3M 5200 Marine adhesive/sealant is super strong and holds up to the elements. Probably overkill, but it comes in a few different colors and is available in small tubes at most marine stores or online. I'm having a new badge made (just saw the first pass today!) and will probably use this on my own bike. I've used it many time on my boat and it's works great.


----------



## watts888 (Oct 2, 2012)

cgrutt said:


> 3M 5200 Marine adhesive/sealant is super strong and holds up to the elements. Probably overkill,


Can't go wrong with 3M tape, but for a headbadge, probably overkill. I like the clear silicone idea above. It'll hold well, waterproof, clear, and can be "cut" with dental floss if you need to remove it. Only downside, you'll never get old silicone off unless you strip the paint off. Once silicone caulk is used, no going back to something else.


----------



## p08757 (Mar 15, 2012)

Here is a quick photo of the bike.

I think the badge was attached with something like the 3M Tape. I will look into this as well.









Sent from my Nexus 5X using Tapatalk


----------



## jp08865 (Aug 12, 2014)

watts888 said:


> Can't go wrong with 3M tape, but for a headbadge, probably overkill. I like the clear silicone idea above. It'll hold well, waterproof, clear, and can be "cut" with dental floss if you need to remove it. Only downside, you'll never get old silicone off unless you strip the paint off. Once silicone caulk is used, no going back to something else.


------
I've always been able to remove silicone sealer by scraping with fingernails and rubbing with thumbs and fingers. I'm not saying it wasn't tedious at times and may remove your fingerprint temporarily but haven always got it removed. I use it for lots of things speedometer to frame (but I now use clear tape first to the frame) speedo sender on fork & magnets for cadence, etc.


----------



## p08757 (Mar 15, 2012)

I've been debating back and forth and now I'm going to keep the head badge off the bike and keep it in a safe space if I need it later. The "clean shaved" look is growing on me.

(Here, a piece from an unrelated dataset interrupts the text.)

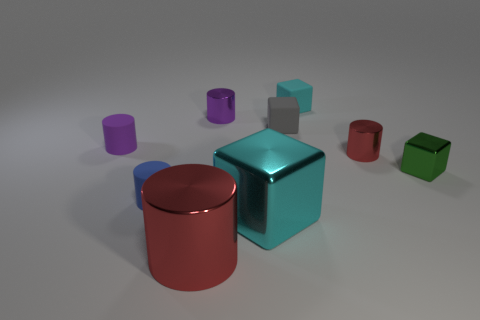Subtract 1 cylinders. How many cylinders are left? 4 Subtract all tiny purple metal cylinders. How many cylinders are left? 4 Subtract all blue cylinders. How many cylinders are left? 4 Subtract all yellow cylinders. Subtract all brown cubes. How many cylinders are left? 5 Add 1 big purple matte things. How many objects exist? 10 Subtract all blocks. How many objects are left? 5 Add 3 red metal things. How many red metal things are left? 5 Add 5 blue cylinders. How many blue cylinders exist? 6 Subtract 1 cyan cubes. How many objects are left? 8 Subtract all cyan objects. Subtract all red metal blocks. How many objects are left? 7

I may change my mind later.


----------



## mtbxplorer (Dec 25, 2009)

:arf: I think you need it now, why "save" it?! :arf:


----------



## p08757 (Mar 15, 2012)

mtbxplorer said:


> :arf: I think you need it now, why "save" it?! :arf:


Because I might change my mind and want to put it on at a later date.

Sent from my Nexus 5X using Tapatalk


----------



## cyclingdutchman (Mar 18, 2015)

I like clean looks too and can understand that. If you dont want to put it on you can sell it now or later.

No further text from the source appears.